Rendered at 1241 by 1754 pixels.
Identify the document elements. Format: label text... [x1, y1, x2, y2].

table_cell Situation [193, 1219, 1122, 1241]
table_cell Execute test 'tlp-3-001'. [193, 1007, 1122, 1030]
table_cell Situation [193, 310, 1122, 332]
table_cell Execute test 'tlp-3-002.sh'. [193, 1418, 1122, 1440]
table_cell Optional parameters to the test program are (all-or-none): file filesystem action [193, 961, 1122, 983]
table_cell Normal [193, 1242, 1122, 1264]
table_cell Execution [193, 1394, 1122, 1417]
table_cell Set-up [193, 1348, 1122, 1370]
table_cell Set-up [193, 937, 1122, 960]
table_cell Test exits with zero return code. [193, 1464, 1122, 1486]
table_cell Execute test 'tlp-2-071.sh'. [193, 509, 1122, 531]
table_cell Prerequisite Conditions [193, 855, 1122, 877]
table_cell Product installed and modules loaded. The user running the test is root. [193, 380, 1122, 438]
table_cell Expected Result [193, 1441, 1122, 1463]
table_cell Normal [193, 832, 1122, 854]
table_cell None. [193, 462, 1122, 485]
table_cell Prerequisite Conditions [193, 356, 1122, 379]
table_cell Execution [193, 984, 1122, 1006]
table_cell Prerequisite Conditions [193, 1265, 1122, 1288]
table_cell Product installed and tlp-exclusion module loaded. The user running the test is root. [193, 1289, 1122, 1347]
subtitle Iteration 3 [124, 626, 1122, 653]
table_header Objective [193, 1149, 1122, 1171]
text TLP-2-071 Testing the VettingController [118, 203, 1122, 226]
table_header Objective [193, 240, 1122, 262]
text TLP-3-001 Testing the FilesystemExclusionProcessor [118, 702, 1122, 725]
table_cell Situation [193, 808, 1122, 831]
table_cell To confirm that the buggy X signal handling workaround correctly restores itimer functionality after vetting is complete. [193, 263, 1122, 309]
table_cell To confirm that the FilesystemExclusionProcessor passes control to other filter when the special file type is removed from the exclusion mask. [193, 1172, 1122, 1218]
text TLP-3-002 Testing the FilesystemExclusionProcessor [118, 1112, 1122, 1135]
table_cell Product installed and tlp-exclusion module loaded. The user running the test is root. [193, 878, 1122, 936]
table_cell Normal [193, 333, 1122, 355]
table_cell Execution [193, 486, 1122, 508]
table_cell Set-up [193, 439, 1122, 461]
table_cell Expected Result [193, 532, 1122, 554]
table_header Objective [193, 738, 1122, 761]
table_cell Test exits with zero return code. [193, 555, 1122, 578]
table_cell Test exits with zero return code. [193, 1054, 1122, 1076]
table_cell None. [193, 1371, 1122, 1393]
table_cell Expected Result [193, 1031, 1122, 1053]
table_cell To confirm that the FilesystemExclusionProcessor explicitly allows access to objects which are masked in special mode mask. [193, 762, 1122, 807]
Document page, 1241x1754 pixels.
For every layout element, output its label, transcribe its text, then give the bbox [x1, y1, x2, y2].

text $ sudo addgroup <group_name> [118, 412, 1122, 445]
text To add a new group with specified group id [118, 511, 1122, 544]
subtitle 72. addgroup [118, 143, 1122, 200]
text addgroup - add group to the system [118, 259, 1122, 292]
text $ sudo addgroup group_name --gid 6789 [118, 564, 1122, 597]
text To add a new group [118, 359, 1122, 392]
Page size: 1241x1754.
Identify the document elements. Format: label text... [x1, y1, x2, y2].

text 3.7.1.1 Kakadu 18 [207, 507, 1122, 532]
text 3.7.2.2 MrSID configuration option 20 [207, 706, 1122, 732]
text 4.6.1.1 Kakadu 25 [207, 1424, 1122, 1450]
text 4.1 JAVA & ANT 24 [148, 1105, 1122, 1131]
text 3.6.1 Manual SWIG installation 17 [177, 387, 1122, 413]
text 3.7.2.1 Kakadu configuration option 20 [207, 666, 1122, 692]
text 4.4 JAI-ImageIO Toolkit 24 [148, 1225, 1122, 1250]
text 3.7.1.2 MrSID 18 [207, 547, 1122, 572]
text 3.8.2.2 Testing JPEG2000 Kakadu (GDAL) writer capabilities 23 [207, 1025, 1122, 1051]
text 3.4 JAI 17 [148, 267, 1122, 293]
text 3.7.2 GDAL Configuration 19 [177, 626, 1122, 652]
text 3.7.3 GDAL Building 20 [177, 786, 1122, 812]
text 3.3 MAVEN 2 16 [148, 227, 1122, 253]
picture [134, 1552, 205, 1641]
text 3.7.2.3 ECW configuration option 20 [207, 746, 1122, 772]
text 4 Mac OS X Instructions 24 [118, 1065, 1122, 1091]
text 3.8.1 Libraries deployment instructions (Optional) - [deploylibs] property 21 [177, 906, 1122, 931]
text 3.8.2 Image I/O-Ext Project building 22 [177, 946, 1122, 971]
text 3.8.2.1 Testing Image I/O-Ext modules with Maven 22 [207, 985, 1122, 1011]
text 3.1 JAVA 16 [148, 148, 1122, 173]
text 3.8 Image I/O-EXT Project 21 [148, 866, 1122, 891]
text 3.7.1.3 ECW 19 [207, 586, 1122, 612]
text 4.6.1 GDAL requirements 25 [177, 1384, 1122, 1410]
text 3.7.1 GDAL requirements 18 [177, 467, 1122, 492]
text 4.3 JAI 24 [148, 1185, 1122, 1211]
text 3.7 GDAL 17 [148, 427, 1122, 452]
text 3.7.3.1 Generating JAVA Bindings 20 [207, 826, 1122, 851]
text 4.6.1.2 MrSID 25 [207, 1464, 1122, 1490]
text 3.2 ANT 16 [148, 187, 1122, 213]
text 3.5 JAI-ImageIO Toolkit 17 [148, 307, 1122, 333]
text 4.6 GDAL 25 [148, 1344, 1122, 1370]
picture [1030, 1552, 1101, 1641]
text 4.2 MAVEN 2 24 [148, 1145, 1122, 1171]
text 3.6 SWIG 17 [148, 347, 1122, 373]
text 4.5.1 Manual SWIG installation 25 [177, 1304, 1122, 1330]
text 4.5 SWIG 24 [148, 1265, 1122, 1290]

**What needs to be done**
Report every line containing the word "subtitle" from the listing above.

**The completed task**
subtitle Iteration 3 [124, 626, 1122, 653]
subtitle 72. addgroup [118, 143, 1122, 200]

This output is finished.